WHAT IS REQUIRED
For the word "each", determine how many lines of the entries below contain it, and give only that number.

DATA FOR REVIEW
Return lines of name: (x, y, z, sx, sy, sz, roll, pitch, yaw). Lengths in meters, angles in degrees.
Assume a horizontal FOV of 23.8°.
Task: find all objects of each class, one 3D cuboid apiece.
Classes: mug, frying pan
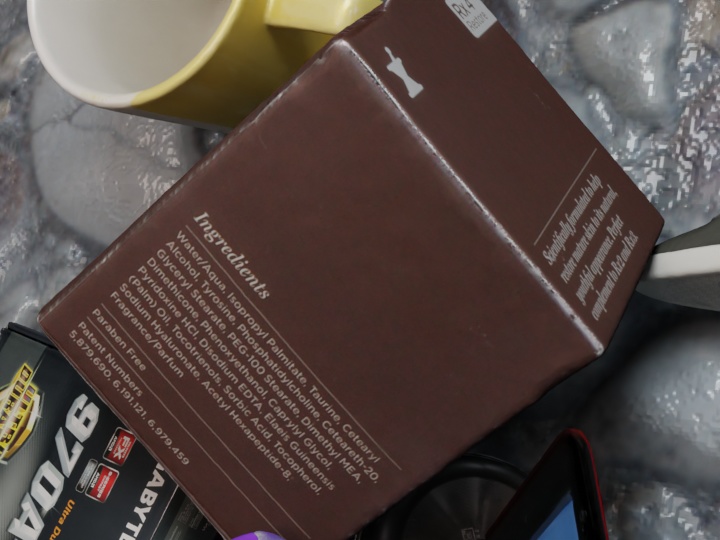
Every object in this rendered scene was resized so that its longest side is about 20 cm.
mug: (-0.066, -0.129, 0.922, 0.150, 0.153, 0.187, -47, 59, 14)
frying pan: (0.017, 0.131, 0.816, 0.189, 0.031, 0.116, 14, 63, -5)

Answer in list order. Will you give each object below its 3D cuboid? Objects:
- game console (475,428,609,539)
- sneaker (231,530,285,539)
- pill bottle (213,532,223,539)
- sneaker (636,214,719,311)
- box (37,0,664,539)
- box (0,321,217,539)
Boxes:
game console: (0.027, 0.185, 0.664, 0.171, 0.119, 0.201, -12, 54, 9)
sneaker: (-0.107, 0.183, 0.730, 0.099, 0.069, 0.201, 35, 91, 42)
pill bottle: (-0.107, 0.175, 0.900, 0.199, 0.112, 0.113, 2, 79, 32)
sneaker: (0.216, -0.044, 0.776, 0.199, 0.071, 0.100, -13, 68, 25)
box: (0.000, 0.000, 0.767, 0.200, 0.166, 0.164, -39, 94, 27)
box: (-0.159, 0.142, 0.848, 0.158, 0.046, 0.201, 19, 77, 37)

RESULT OF THE TASK
2